The system then automatically runs the research workflow.

Since Mythos’s cybersecurity capabilities are still unavailable to us, we cannot objectively evaluate whether it would have found the same issues under the same setup.

Of course, these cases do not prove that deepsec has matched Mythos. They do suggest that deepsec plus open-source LLMs has a practical foundation for conducting Mythos-level vulnerability research.

Cost is another important factor. Even under the conservative assumption that Mythos would need only half as many tokens as deepsec to find the same issues, a rough calculation based on Mythos’s leaked pricing would still make its token cost more than 100 times higher than deepsec’s.

Conclusion

deepsec is DARKNAVY’s attempt to chase Mythos-level security AI capability on top of open-source LLMs.

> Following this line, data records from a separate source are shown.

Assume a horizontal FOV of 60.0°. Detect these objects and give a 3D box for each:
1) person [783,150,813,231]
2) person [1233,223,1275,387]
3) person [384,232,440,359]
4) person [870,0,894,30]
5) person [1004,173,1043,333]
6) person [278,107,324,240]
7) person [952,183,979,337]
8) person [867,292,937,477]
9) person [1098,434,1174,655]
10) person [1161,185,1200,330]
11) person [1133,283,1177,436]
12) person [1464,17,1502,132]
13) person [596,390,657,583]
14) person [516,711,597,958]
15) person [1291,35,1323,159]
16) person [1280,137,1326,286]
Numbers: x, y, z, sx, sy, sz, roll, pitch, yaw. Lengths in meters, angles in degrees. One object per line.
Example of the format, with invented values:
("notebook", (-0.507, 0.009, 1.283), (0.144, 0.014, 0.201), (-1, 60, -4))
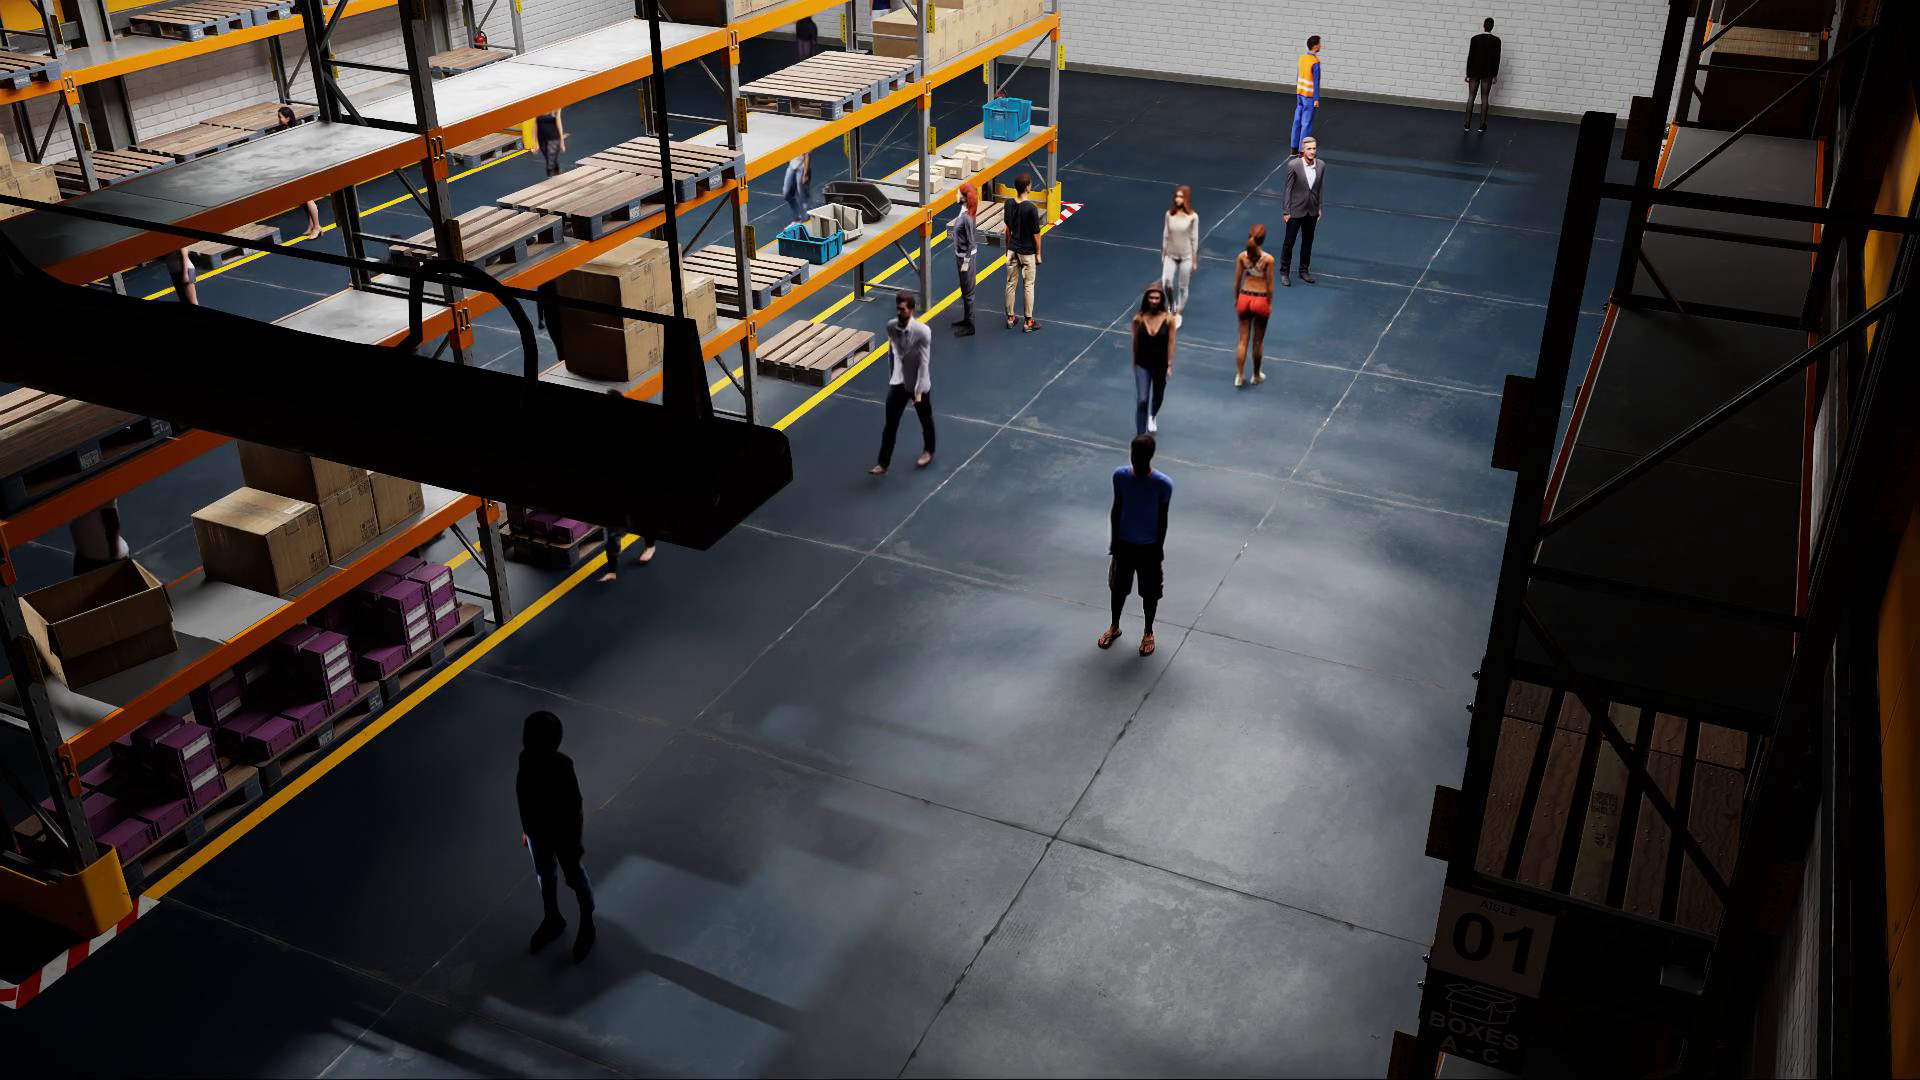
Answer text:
("person", (-2.083, -4.979, 22.409), (0.784, 1.715, 0.760), (-20, 34, -31))
("person", (3.123, -2.507, 17.795), (0.575, 1.793, 0.592), (13, 31, 23))
("person", (-5.826, -2.359, 17.548), (0.683, 1.771, 0.836), (7, 29, 12))
("person", (-1.497, -10.102, 31.671), (0.708, 1.839, 0.782), (-12, 31, -21))
("person", (0.715, -3.332, 19.240), (0.663, 1.859, 0.573), (18, 33, 30))
("person", (-8.834, -4.906, 22.219), (0.802, 1.769, 0.777), (-18, 33, -30))
("person", (0.069, -3.242, 19.158), (0.718, 1.780, 0.609), (-3, 29, -6))
("person", (-0.417, -1.522, 15.975), (0.730, 1.807, 1.155), (15, 32, 25))
("person", (1.405, 0.003, 13.122), (0.660, 1.862, 0.570), (11, 30, 19))
("person", (2.592, -3.327, 19.401), (0.604, 1.696, 0.584), (11, 31, 20))
("person", (1.920, -1.756, 16.533), (0.851, 1.684, 1.165), (2, 29, 4))
("person", (8.500, -7.592, 27.111), (0.679, 1.799, 0.557), (10, 30, 17))
("person", (-2.811, -0.505, 14.234), (0.664, 1.689, 1.069), (10, 30, 18))
("person", (-2.456, 1.763, 10.064), (0.588, 1.702, 0.558), (9, 30, 16))
("person", (5.364, -6.843, 25.673), (0.840, 1.862, 0.786), (-11, 30, -19))
("person", (4.263, -4.116, 20.694), (0.797, 1.842, 0.850), (-9, 30, -16))
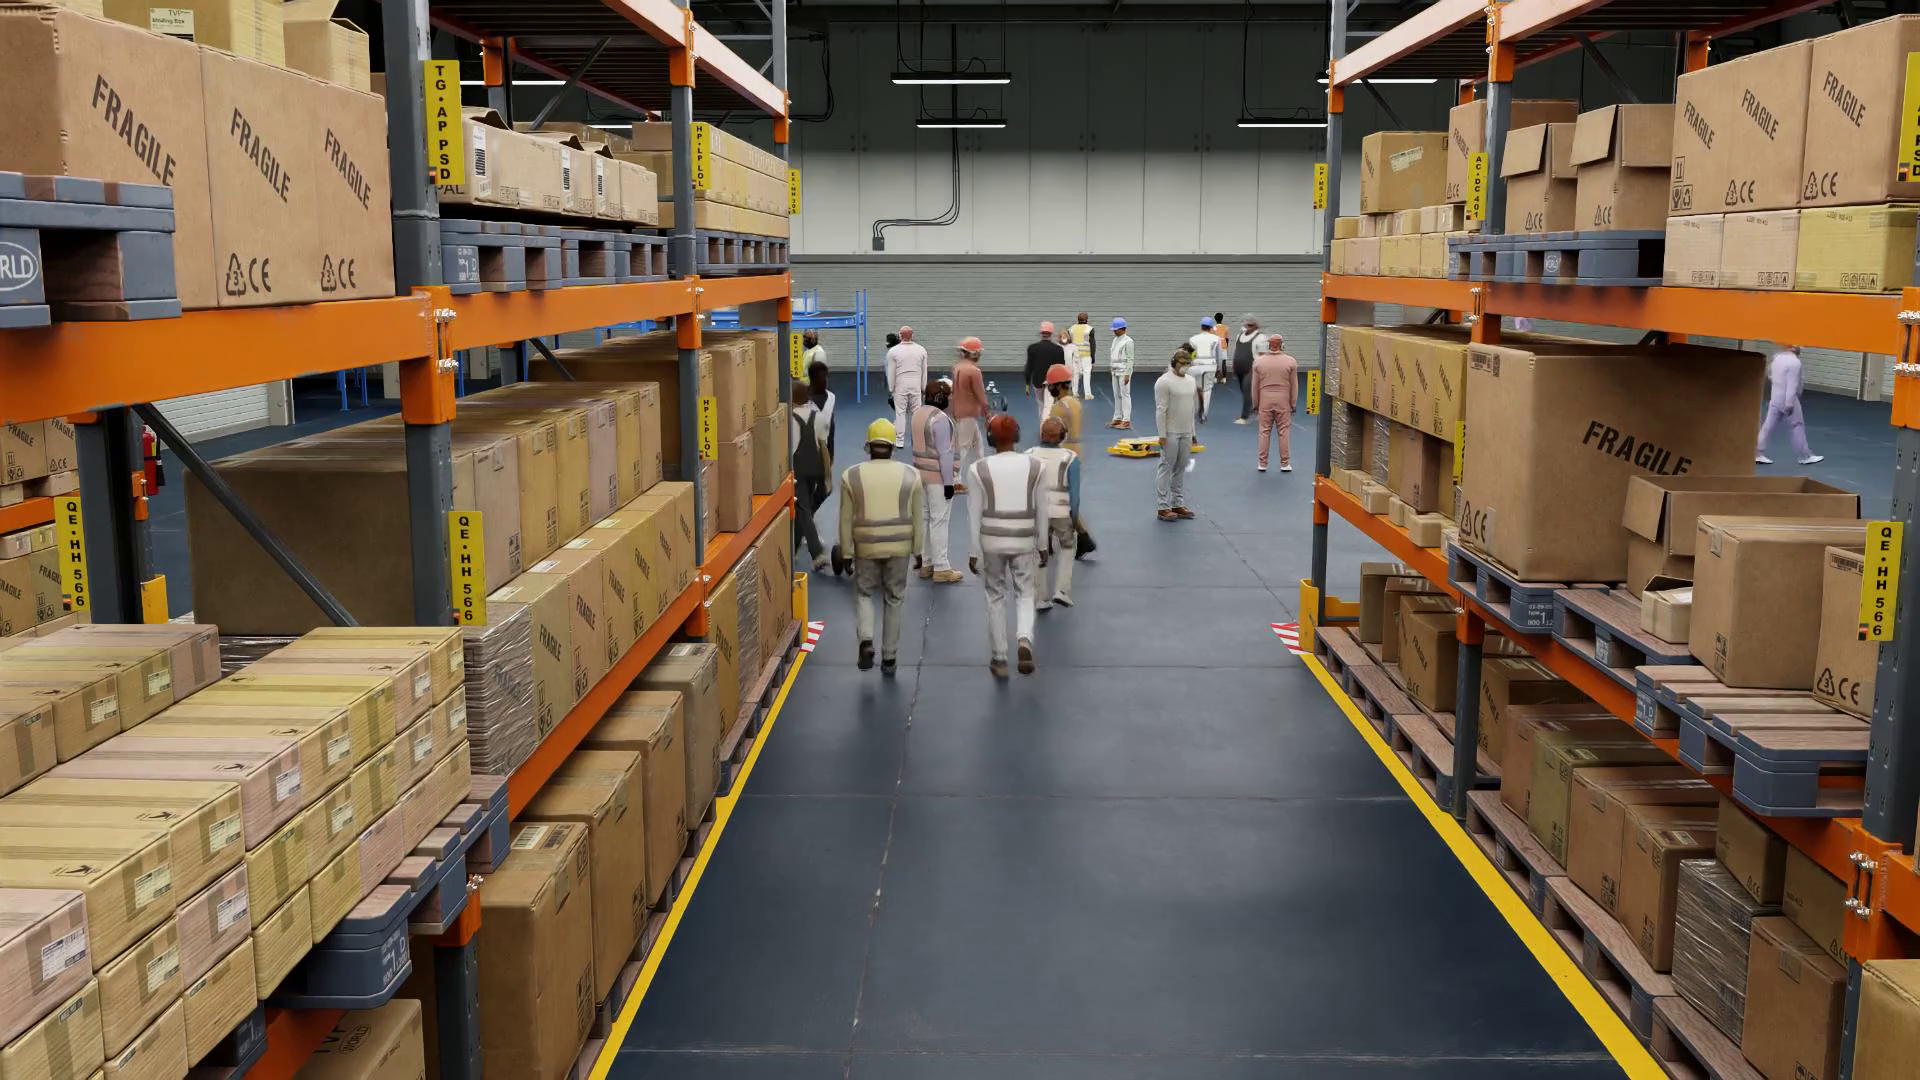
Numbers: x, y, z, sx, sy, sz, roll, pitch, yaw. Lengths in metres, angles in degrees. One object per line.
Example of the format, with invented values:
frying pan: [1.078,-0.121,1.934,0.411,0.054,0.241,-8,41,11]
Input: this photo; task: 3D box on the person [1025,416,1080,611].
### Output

It is still evolving, and many problems remain to be solved. But based on our current experiments and results, we believe security researchers have every opportunity to combine open-source LLMs, real offensive and defensive experience, and automatic verification systems to build security AI capabilities for high-value targets.

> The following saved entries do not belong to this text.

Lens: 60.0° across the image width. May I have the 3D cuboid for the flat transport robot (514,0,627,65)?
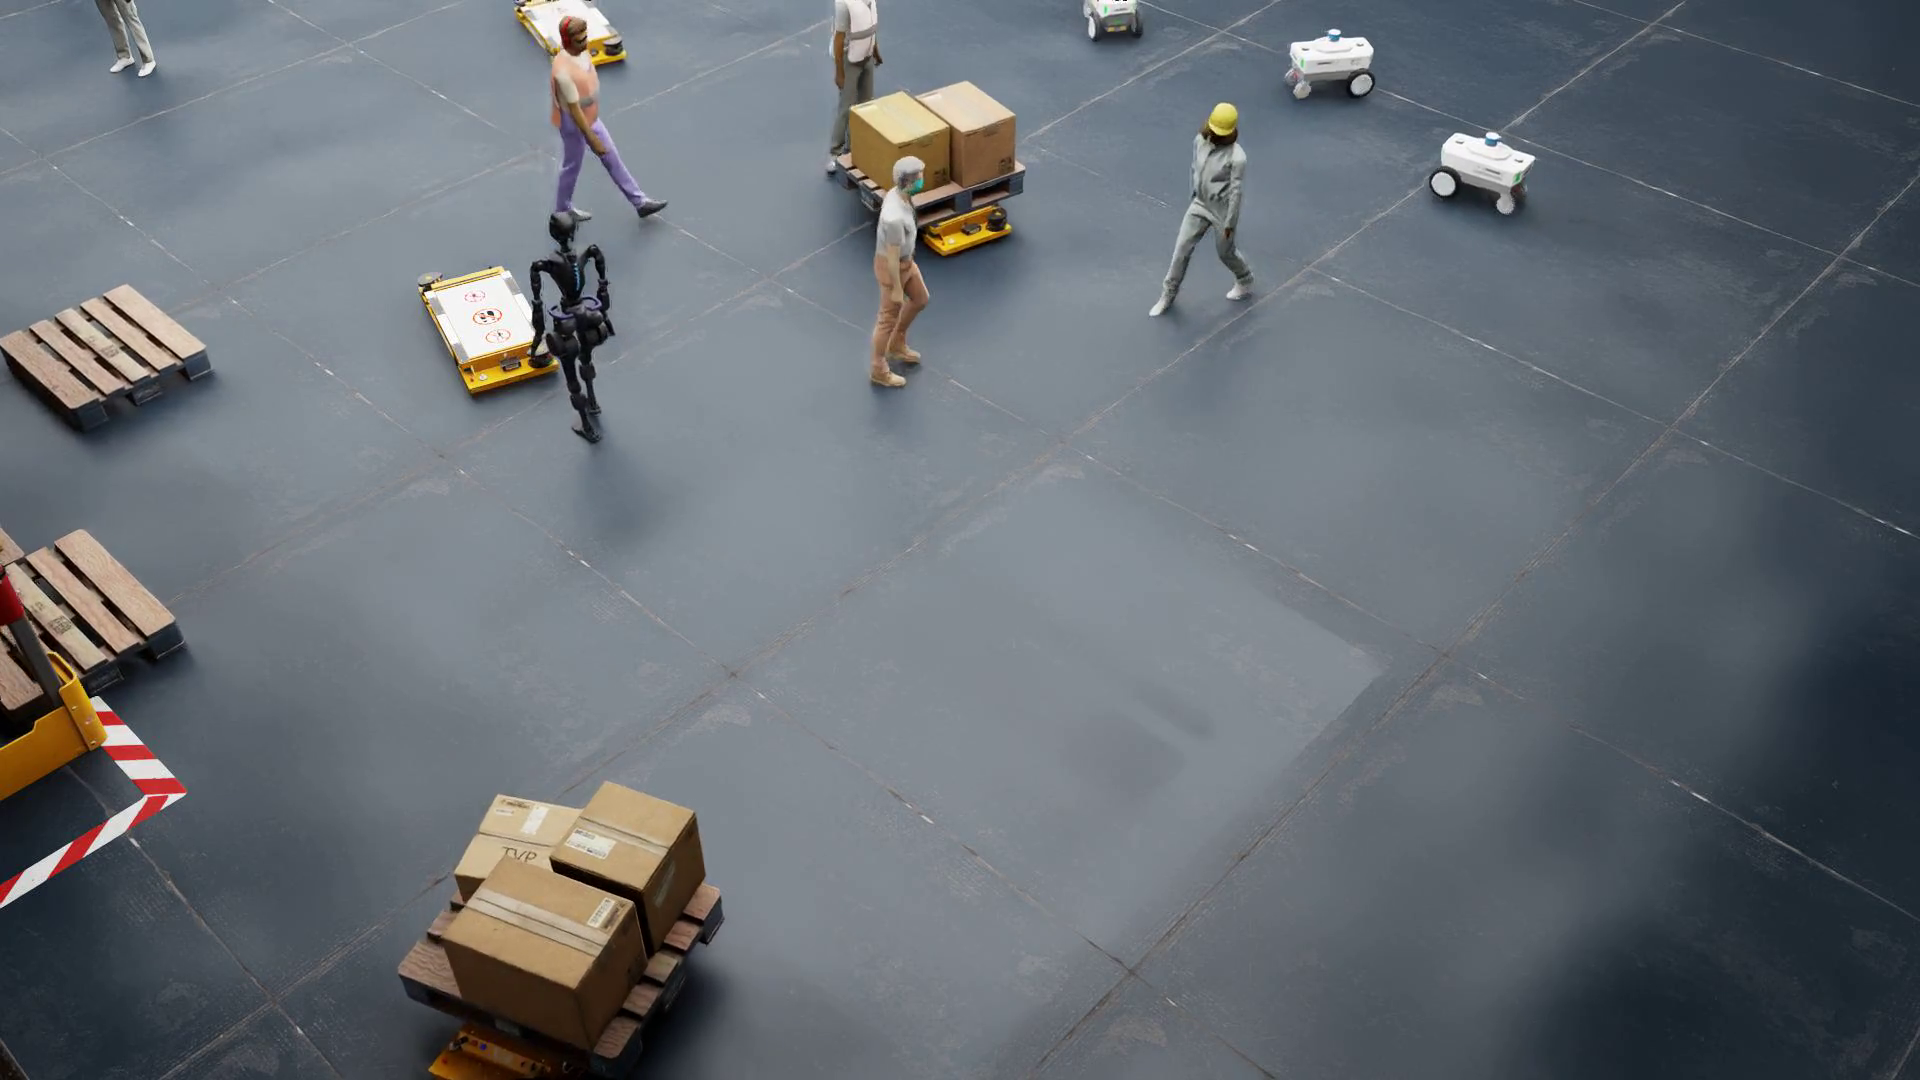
[{"bbox_3d":[-3.760,-4.912,15.986,0.659,0.231,1.431,-20,46,-21],"label":"flat transport robot"}]

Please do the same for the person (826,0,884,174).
[{"bbox_3d":[-0.921,-3.965,13.790,0.385,1.798,0.782,19,45,20],"label":"person"}]

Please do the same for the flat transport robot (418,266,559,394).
[{"bbox_3d":[-3.509,-1.604,12.309,0.659,0.231,1.431,-19,45,-20],"label":"flat transport robot"}]

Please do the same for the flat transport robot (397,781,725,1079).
[{"bbox_3d":[-1.915,2.120,8.169,0.659,0.231,1.431,16,44,17],"label":"flat transport robot"}]

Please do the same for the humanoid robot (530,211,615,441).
[{"bbox_3d":[-2.592,-1.441,11.081,0.599,1.644,0.486,-27,48,-27],"label":"humanoid robot"}]

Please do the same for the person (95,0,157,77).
[{"bbox_3d":[-7.721,-5.009,15.069,0.519,1.636,0.310,13,44,14],"label":"person"}]

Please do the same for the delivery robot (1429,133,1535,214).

The deepsec research preview, available at https://deepsec.darknavy.net, will go online in mid-July. The preview will focus on the following capabilities:

Automatic vulnerability research for source-code targets;
Diff analysis and automatic patching for source-code targets;
Automatic vulnerability research for common binary targets such as ELF, PE, and Mach-O;
Automatic vulnerability research for common mobile applications such as APK and HAP;
Automatic PoC generation and verification for Linux, Android, HarmonyOS, and iOS environments.

We hope deepsec will not remain merely an internal research effort, but will become a security AI system that can help protect real-world systems.